======== Supplied records

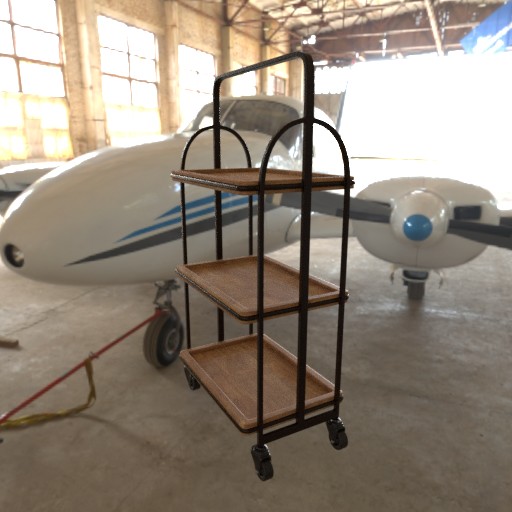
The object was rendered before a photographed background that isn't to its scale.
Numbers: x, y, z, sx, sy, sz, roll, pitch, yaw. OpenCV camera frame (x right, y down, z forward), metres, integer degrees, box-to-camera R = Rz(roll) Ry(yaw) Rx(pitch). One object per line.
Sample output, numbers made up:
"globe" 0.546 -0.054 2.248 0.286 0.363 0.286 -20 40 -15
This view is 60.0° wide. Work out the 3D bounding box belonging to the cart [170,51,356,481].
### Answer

================

■ **Problem to solve**
Set down each entry above exactly as it appears. Omit the pictures.

■ **Expected answer**
The object was rendered before a photographed background that isn't to its scale.
Numbers: x, y, z, sx, sy, sz, roll, pitch, yaw. OpenCV camera frame (x right, y down, z forward), metres, integer degrees, box-to-camera R = Rz(roll) Ry(yaw) Rx(pitch). One object per line.
Sample output, numbers made up:
"globe" 0.546 -0.054 2.248 0.286 0.363 0.286 -20 40 -15
This view is 60.0° wide. Work out the 3D bounding box belonging to the cart [170,51,356,481].
### Answer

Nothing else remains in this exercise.